If I waited any longer, my father would be next at the stake. But what could I do? How could I stop it? To reach the cages, I would have to cross the clearing. Even if I circled round behind the village, I would have to cross a broad part of it on the other side. I couldn't get past the savages, so I somehow had to get the savages away. But one boy against a tribe of cannibals: was there any hope at all? I wondered if I had time to look for Boggis and Midgely, and if it would really help to have them. What could the three of us do that I couldn't do alone?
I drew back in the darkness below the hut. I crawled down its length and out to the beach, not with any scheme in mind, but only to spare myself from seeing the warriors dance with their glittering knives. I wished I could escape
the sounds as well—the drumming and shouts, and the screams of the man—but they followed me then, and would follow me always.

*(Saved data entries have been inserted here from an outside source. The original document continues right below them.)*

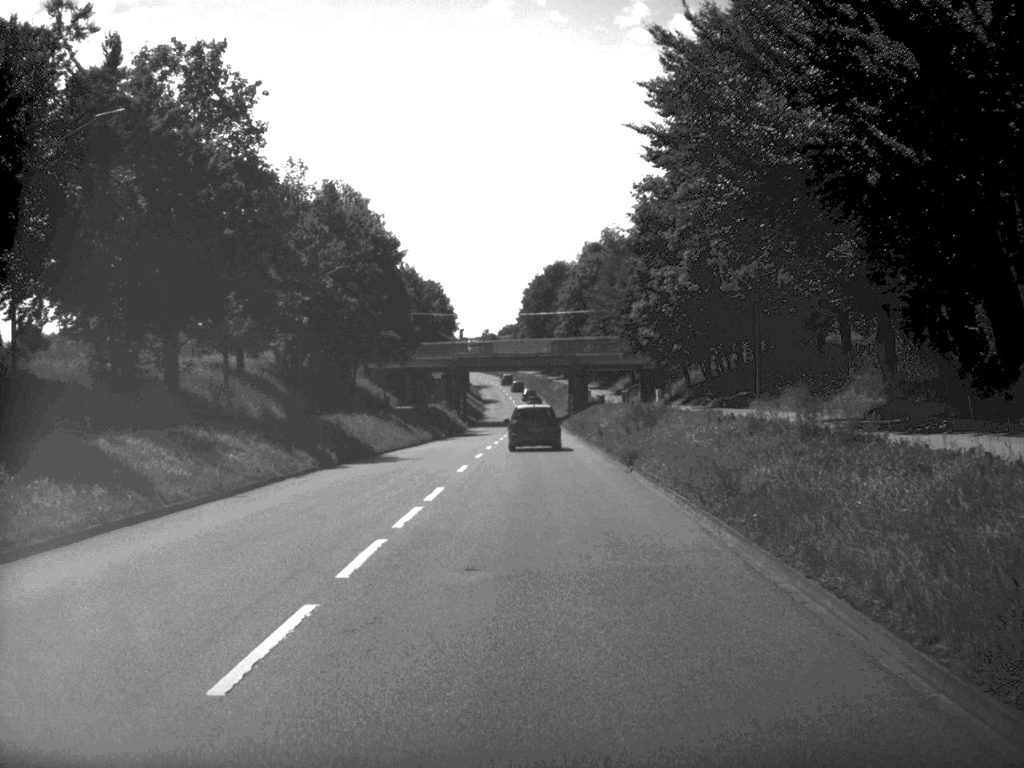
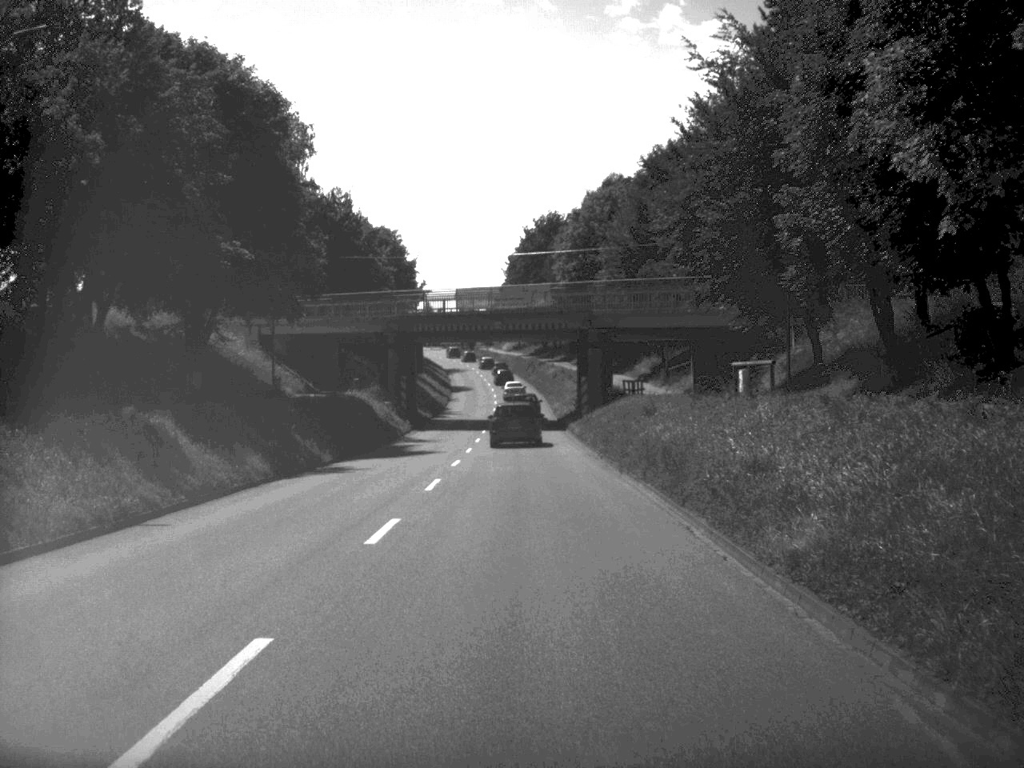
(+0.1, +41.0) m; 0°
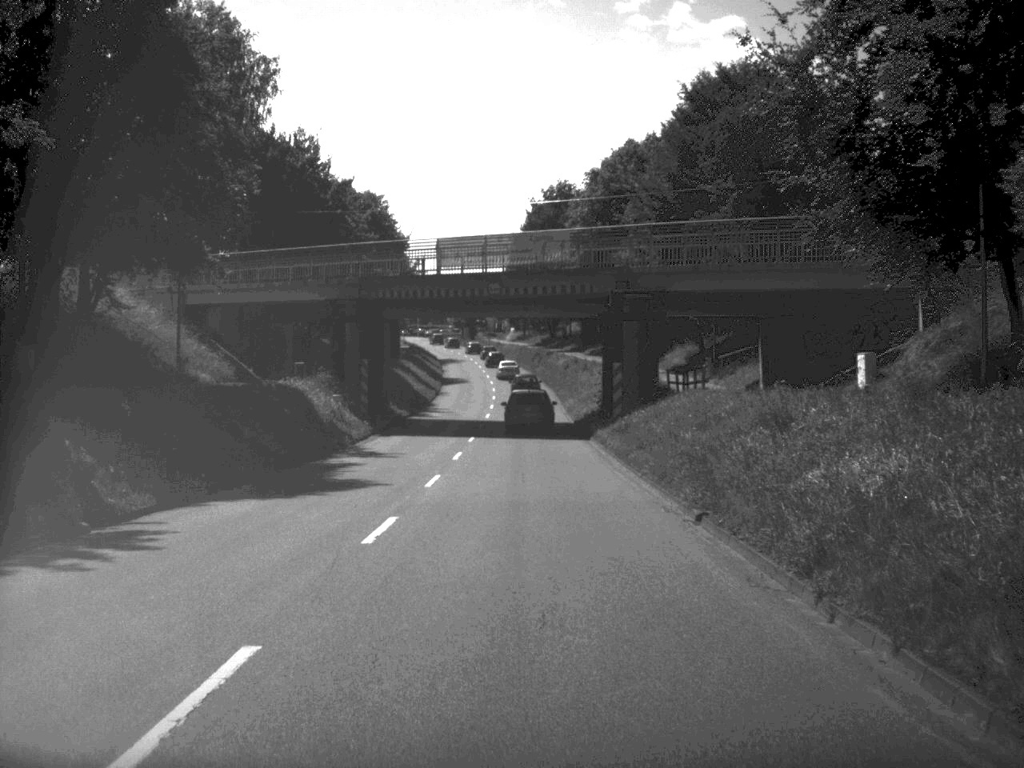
(-0.1, +18.1) m; 0°
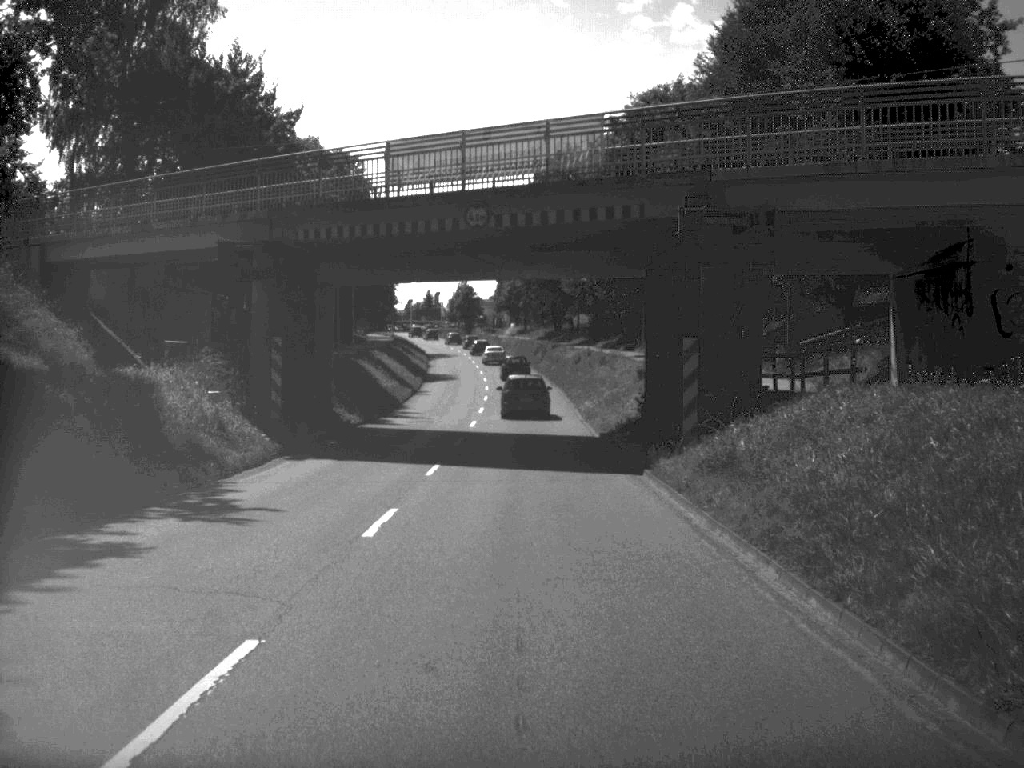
(0.0, +17.5) m; 0°
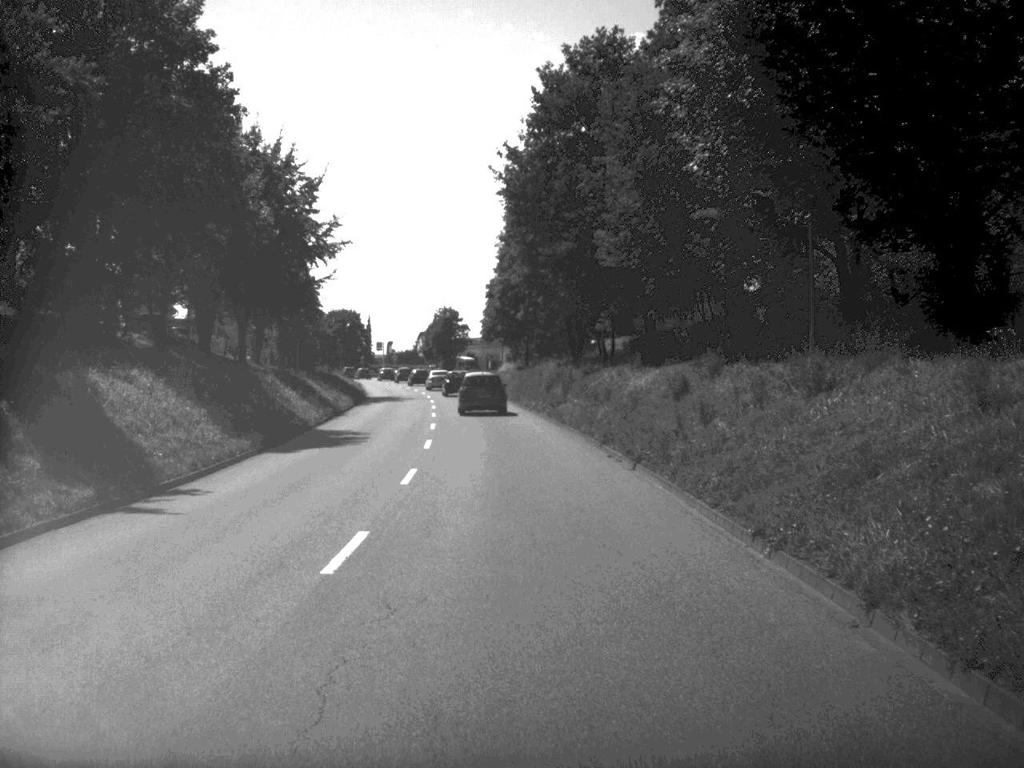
(-0.2, +47.6) m; 0°
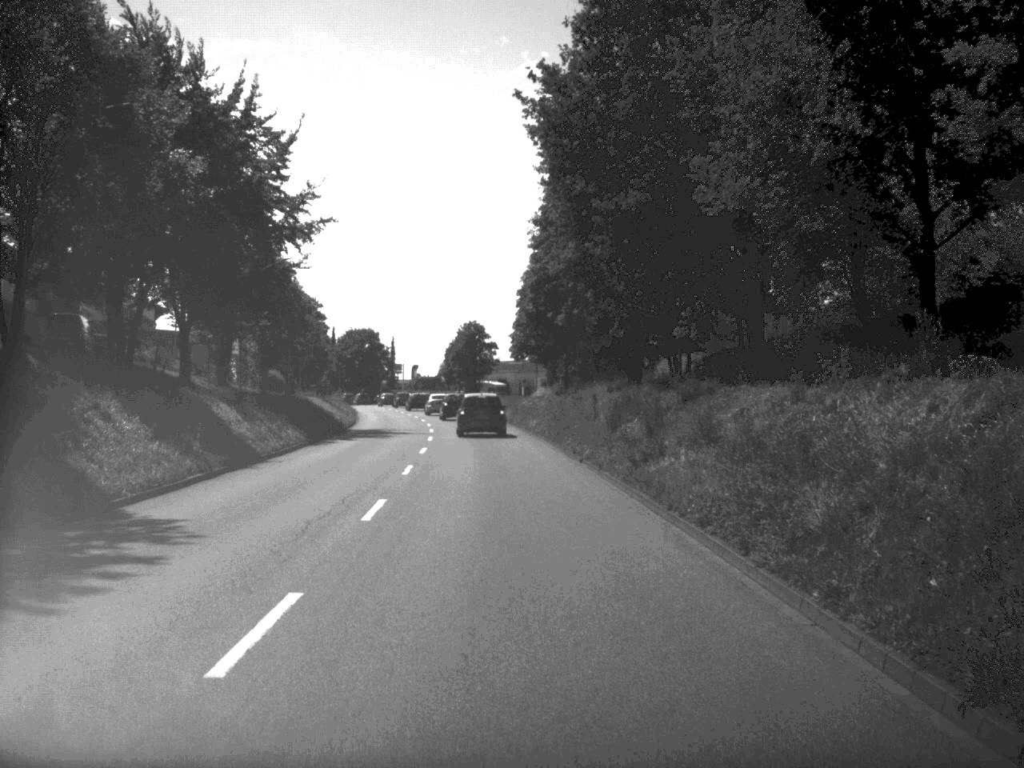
(-0.3, +21.3) m; -2°
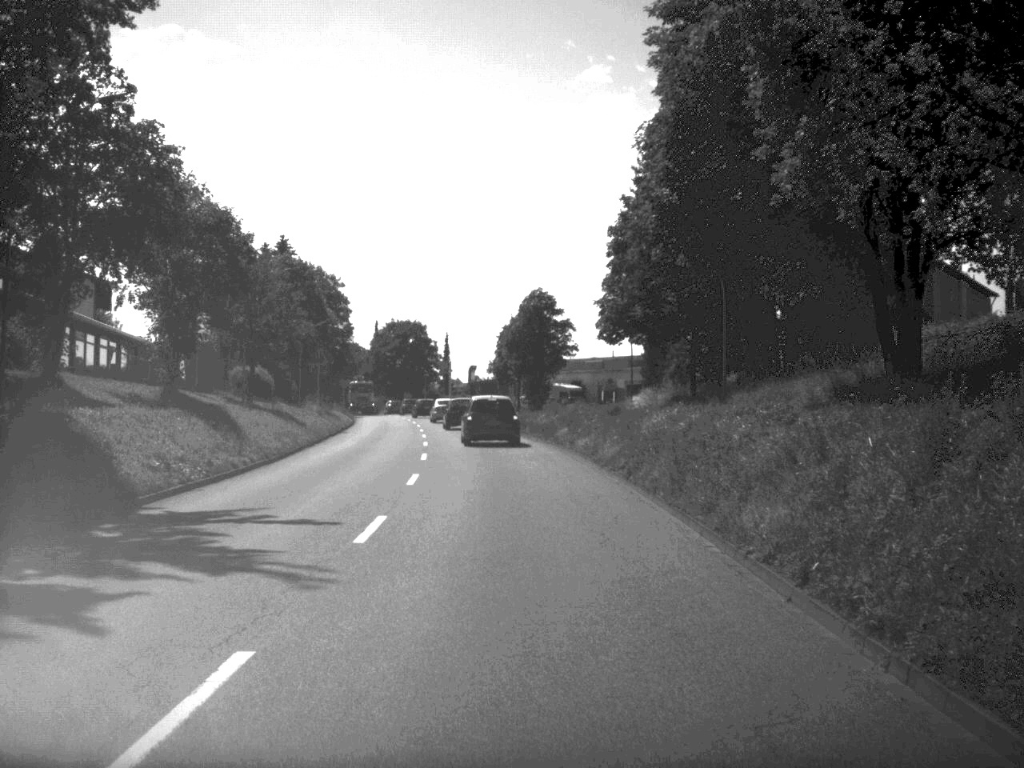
(-1.2, +37.7) m; -3°

On the beach, the rain was falling hard. It carved rivers and ruts in the sand; it dashed on the water with a humming, hissing din. I spread my arms, looked up, and let it fall on my face, and I wondered and wondered:
how can a boy beat a village?
Through my mind passed stories I had half forgotten, little bits from dreary hours of history classes. I tried to remember how tiny forces had beaten great armies, and I thought of the Trojan horse and the Minutemen at Lexington, of Sir Francis Drake and the Spanish Armada, Bonnie Prince Charlie and Rogers' Rangers, but not of a single time when a boy had beaten a village.
My head spun with the tales as I walked along the dark beach. I passed the next hut, into the glow of the fires, and saw the cannibals leaping past the flames. The light shone out into the bay, and I imagined that something out there was moving across the water. From the corner of my eye, for an instant I saw it. Was it the curve of a ship's bow? The loom of a sail? I peered into the darkness, and… there! Didn't I see a flicker of light, as faint as a match being struck?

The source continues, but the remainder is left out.